Réhahn (born on 4 May 1979 in Bayeux in Normandy, France) is a French photographer based in Hoi An, Vietnam. Known as the photographer that "captures souls", he is recognized for his portraits of Vietnam, Cuba, Malaysia and India, and for his cultural preservation work.

In 2011, he launched The Precious Heritage Project with the goal of increasing recognition of Vietnam's diverse tribes through stories examples of their craftsmanship, and large scale portraits of each group in their traditional clothing. The project explores the histories as well as the changing futures of the tribes as globalization and development alter their homelands and subsequently their traditions.

On January 1, 2017, Réhahn opened the Precious Heritage Art Gallery Museum with the goal of creating a single place to preserve the artifacts and costumes he'd been given by the chiefs of many tribes as well as to share the portraits, stories and musical traditions of the ethnic groups. The museum is free to the public.

Réhahn completed his primary mission of meeting all 54 officially recognized ethnic groups in September 2019 and continues his research to discover the numerous subgroups that are spread throughout the country.

Career 
In 2007, the artist travelled to Vietnam for the first time on a humanitarian mission with the French NGO Les Enfants du Vietnam.
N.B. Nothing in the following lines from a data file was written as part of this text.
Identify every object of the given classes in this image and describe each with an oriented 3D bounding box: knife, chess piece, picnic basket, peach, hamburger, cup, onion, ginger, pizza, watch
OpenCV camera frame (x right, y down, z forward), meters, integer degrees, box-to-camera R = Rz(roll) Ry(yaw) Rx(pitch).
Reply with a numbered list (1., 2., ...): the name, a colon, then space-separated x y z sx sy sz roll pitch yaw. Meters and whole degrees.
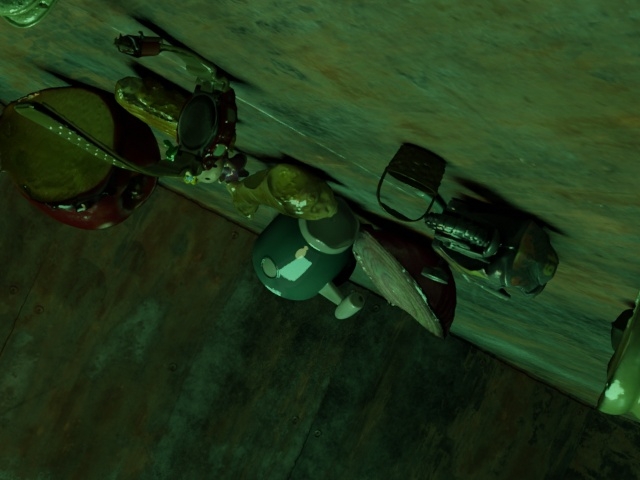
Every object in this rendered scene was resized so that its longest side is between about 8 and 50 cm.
1. knife: 0.172 -0.042 1.669 0.028 0.015 0.210 16 172 23
2. chess piece: 0.527 0.184 1.452 0.330 0.182 0.182 20 174 12
3. picnic basket: 0.104 -0.064 1.380 0.072 0.083 0.072 25 174 3
4. peach: -0.459 -0.152 2.250 0.361 0.258 0.201 19 167 28
5. hamburger: -0.336 -0.284 1.315 0.121 0.084 0.054 21 172 29
6. cup: -0.015 0.001 2.101 0.300 0.167 0.173 55 142 9
7. onion: 0.163 0.043 2.145 0.250 0.111 0.247 37 162 54
8. ginger: -0.073 -0.076 1.991 0.131 0.086 0.294 22 167 -25
9. pizza: -0.209 -0.189 1.808 0.197 0.058 0.292 22 176 27
10. watch: -0.221 -0.170 1.422 0.268 0.165 0.102 27 174 -43

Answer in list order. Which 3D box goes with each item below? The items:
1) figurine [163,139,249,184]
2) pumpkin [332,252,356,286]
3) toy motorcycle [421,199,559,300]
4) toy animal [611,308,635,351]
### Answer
1. figurine: -0.214 -0.150 2.080 0.156 0.095 0.115 7 -151 -37
2. pumpkin: -0.011 0.007 2.311 0.194 0.150 0.194 23 164 7
3. toy motorcycle: 0.226 0.019 1.532 0.173 0.108 0.307 19 176 15
4. toy animal: 0.501 0.173 1.671 0.146 0.115 0.245 27 174 -25
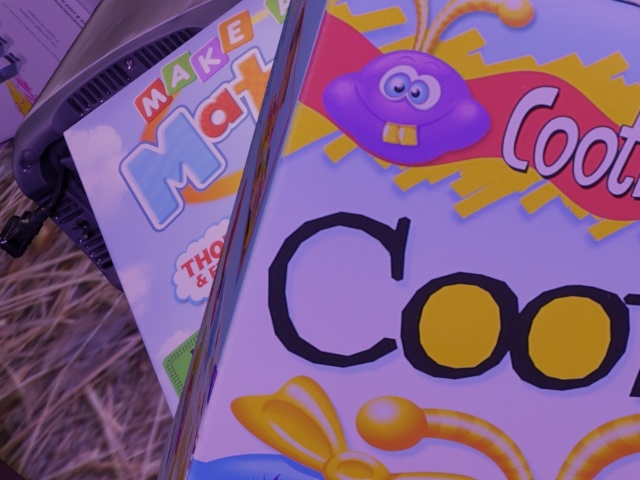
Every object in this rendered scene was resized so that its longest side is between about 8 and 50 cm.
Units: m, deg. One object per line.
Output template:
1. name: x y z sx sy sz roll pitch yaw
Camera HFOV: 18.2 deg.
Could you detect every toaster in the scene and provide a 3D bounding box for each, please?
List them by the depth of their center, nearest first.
1. toaster: -0.044 -0.072 0.946 0.227 0.129 0.146 -28 26 31

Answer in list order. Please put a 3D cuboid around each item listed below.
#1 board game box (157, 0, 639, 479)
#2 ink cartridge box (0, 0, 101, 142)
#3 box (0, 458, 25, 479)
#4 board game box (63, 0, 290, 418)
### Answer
1. board game box: 0.045 0.017 0.525 0.144 0.142 0.275 -82 8 -51
2. ink cartridge box: -0.185 -0.159 1.256 0.176 0.127 0.128 -19 36 38
3. box: -0.312 0.200 0.841 0.143 0.191 0.381 -11 42 46
4. board game box: 0.000 0.000 0.768 0.160 0.039 0.211 -35 57 16
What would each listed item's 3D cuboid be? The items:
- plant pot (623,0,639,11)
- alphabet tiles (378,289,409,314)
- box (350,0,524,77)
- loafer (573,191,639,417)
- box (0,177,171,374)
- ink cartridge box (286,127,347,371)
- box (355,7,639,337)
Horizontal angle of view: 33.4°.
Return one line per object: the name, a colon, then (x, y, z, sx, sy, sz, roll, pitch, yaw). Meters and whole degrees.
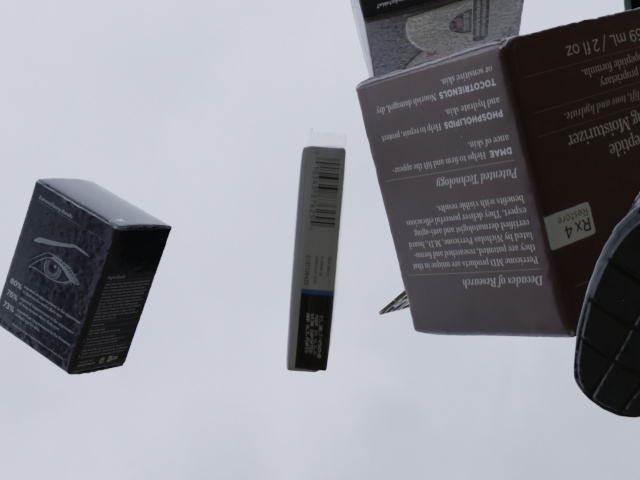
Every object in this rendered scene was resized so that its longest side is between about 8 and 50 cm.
plant pot: (0.471, -0.275, 1.201, 0.272, 0.255, 0.271, 1, -82, 11)
alphabet tiles: (0.227, 0.047, 1.660, 0.237, 0.009, 0.198, -9, -26, -44)
box: (0.115, -0.248, 1.098, 0.163, 0.142, 0.247, -14, -15, 3)
loafer: (0.152, -0.009, 0.417, 0.170, 0.062, 0.061, -64, -13, 13)
box: (-0.305, 0.043, 1.364, 0.108, 0.153, 0.207, -2, -62, -60)
ink cartridge box: (0.000, 0.000, 1.527, 0.072, 0.307, 0.303, 4, -79, 4)
box: (0.158, -0.049, 0.796, 0.168, 0.167, 0.203, -19, -83, -34)
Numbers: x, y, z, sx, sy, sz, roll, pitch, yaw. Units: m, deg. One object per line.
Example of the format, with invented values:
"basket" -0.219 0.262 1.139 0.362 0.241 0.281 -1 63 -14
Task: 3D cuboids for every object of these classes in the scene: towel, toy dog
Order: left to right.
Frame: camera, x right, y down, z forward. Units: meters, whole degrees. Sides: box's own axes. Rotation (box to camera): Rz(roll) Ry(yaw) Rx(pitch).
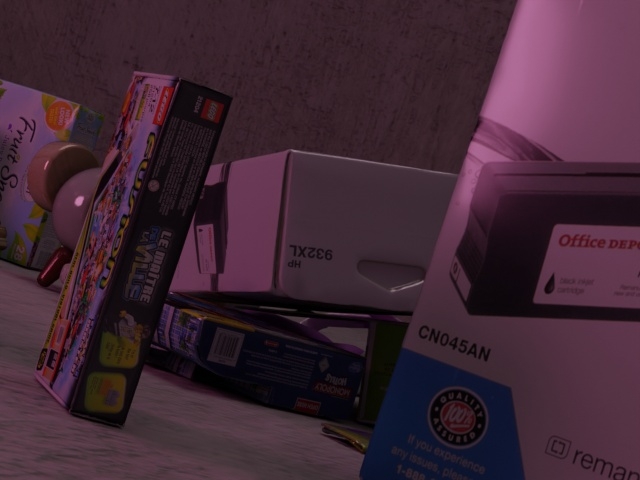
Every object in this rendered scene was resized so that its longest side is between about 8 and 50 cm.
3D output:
"toy dog" -0.197 0.029 1.840 0.333 0.161 0.220 34 -10 -23
"towel" 0.046 0.159 1.268 0.083 0.009 0.060 17 1 -39

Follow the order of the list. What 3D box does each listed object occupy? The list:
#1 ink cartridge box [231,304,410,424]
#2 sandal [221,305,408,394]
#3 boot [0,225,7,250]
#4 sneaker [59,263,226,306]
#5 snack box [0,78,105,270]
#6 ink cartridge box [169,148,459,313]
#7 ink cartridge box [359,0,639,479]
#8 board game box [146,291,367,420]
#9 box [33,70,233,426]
"ink cartridge box" 0.059 0.121 1.524 0.255 0.097 0.189 6 -3 14
"sandal" 0.043 0.108 1.778 0.169 0.102 0.416 19 1 38
"boot" -0.426 -0.080 1.887 0.213 0.165 0.077 16 0 35
"sneaker" -0.180 0.053 1.692 0.185 0.070 0.084 20 4 -44
"snack box" -0.379 -0.085 2.007 0.174 0.207 0.070 19 1 23
"ink cartridge box" 0.000 0.000 1.523 0.223 0.129 0.307 7 -4 -25
"ink cartridge box" 0.230 0.017 1.021 0.285 0.395 0.166 18 -1 39
"board game box" -0.097 0.085 1.392 0.194 0.060 0.194 18 -1 -44
"box" -0.117 0.001 1.004 0.036 0.207 0.114 18 0 -22
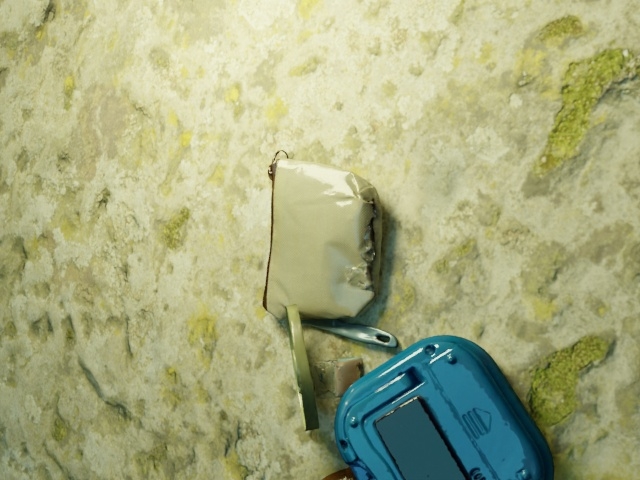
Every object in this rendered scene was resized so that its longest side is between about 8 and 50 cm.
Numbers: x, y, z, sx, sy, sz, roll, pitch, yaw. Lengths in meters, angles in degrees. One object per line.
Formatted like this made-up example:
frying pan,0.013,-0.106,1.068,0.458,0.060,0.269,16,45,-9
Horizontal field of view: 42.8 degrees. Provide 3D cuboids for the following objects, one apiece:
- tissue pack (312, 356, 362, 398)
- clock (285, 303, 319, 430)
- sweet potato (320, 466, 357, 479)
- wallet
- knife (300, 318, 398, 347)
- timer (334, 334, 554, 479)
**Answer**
tissue pack,0.033,0.256,1.522,0.059,0.094,0.074,-5,85,34
clock,-0.037,0.233,1.503,0.029,0.235,0.234,-10,82,-4
sweet potato,0.047,0.477,1.502,0.359,0.112,0.112,-37,68,7
wallet,-0.003,0.000,1.572,0.275,0.068,0.335,9,98,35
knife,0.017,0.157,1.583,0.313,0.019,0.044,11,88,34
timer,0.200,0.347,1.367,0.309,0.115,0.340,-35,71,12
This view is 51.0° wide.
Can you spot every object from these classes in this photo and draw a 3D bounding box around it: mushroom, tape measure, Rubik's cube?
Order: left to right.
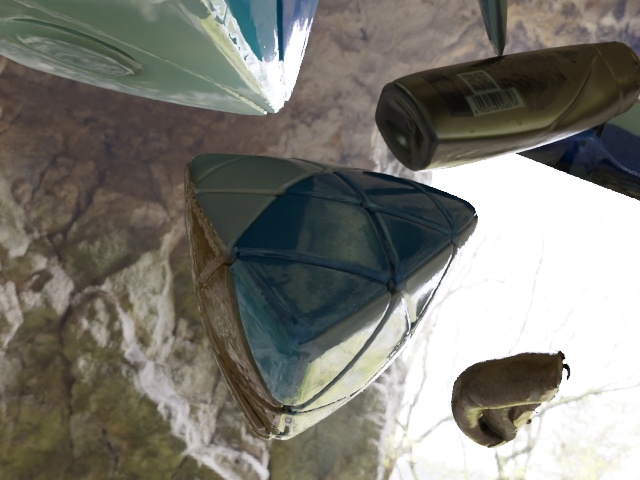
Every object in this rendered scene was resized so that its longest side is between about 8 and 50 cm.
[{"bbox_3d":[-0.177,-0.337,0.604,0.347,0.352,0.351,12,-2,8],"label":"Rubik's cube"},{"bbox_3d":[0.000,0.000,0.525,0.254,0.254,0.254,14,-24,6],"label":"Rubik's cube"},{"bbox_3d":[0.198,0.170,0.746,0.094,0.072,0.210,0,-33,-2],"label":"mushroom"},{"bbox_3d":[0.419,-0.165,1.054,0.259,0.138,0.262,14,14,-31],"label":"tape measure"}]

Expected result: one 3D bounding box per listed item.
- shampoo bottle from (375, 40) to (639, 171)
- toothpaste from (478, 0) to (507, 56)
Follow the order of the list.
[{"bbox_3d":[0.238,-0.166,0.785,0.350,0.126,0.084,-18,-33,-24],"label":"shampoo bottle"},{"bbox_3d":[0.211,-0.369,0.852,0.069,0.047,0.268,29,-45,64],"label":"toothpaste"}]
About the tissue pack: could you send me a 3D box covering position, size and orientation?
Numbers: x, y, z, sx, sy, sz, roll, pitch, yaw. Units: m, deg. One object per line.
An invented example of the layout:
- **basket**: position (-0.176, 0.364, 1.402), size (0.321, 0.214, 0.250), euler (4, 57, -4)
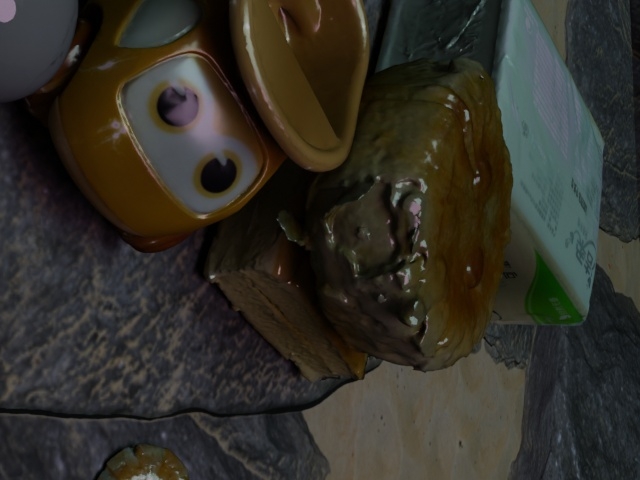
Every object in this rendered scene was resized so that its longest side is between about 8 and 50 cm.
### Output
- **tissue pack**: position (0.233, -0.114, 1.378), size (0.405, 0.205, 0.331), euler (46, 49, -47)

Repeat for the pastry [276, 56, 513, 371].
- **pastry**: position (0.096, -0.019, 0.995), size (0.330, 0.136, 0.329), euler (-21, 113, -61)

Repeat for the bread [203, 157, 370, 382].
- **bread**: position (0.000, 0.000, 1.079), size (0.246, 0.111, 0.239), euler (51, 49, -47)

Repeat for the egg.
- **egg**: position (-0.245, -0.182, 0.668), size (0.198, 0.146, 0.146), euler (61, 39, -27)

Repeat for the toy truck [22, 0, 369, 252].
- **toy truck**: position (-0.096, -0.139, 0.848), size (0.204, 0.212, 0.288), euler (60, 36, -33)

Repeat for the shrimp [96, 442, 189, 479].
- **shrimp**: position (-0.165, 0.261, 0.853), size (0.101, 0.042, 0.190), euler (37, 54, -26)

He explored the country and its culture and captured more than 50,000 photographs. In 2011, after several more trips, he decided to move to Vietnam and settled in the UNESCO heritage town of Hoi An. It was there that he captured "Hidden Smile",  the photograph of Madame Xong, captain of a small tourist riverboat, which has since been published in more than 100 articles worldwide. In 2014, he chose this photograph for the cover of his first book, "Vietnam, Mosaic of Contrasts", a collection of 150 photographs depicting the diversity of the country. A bestseller in Vietnam, the book is now sold in 29 countries.

The photographer's work became known in France when the French travel TV program Échappées Belles (France 5), featured him in a documentary about Vietnam on June 15, 2016.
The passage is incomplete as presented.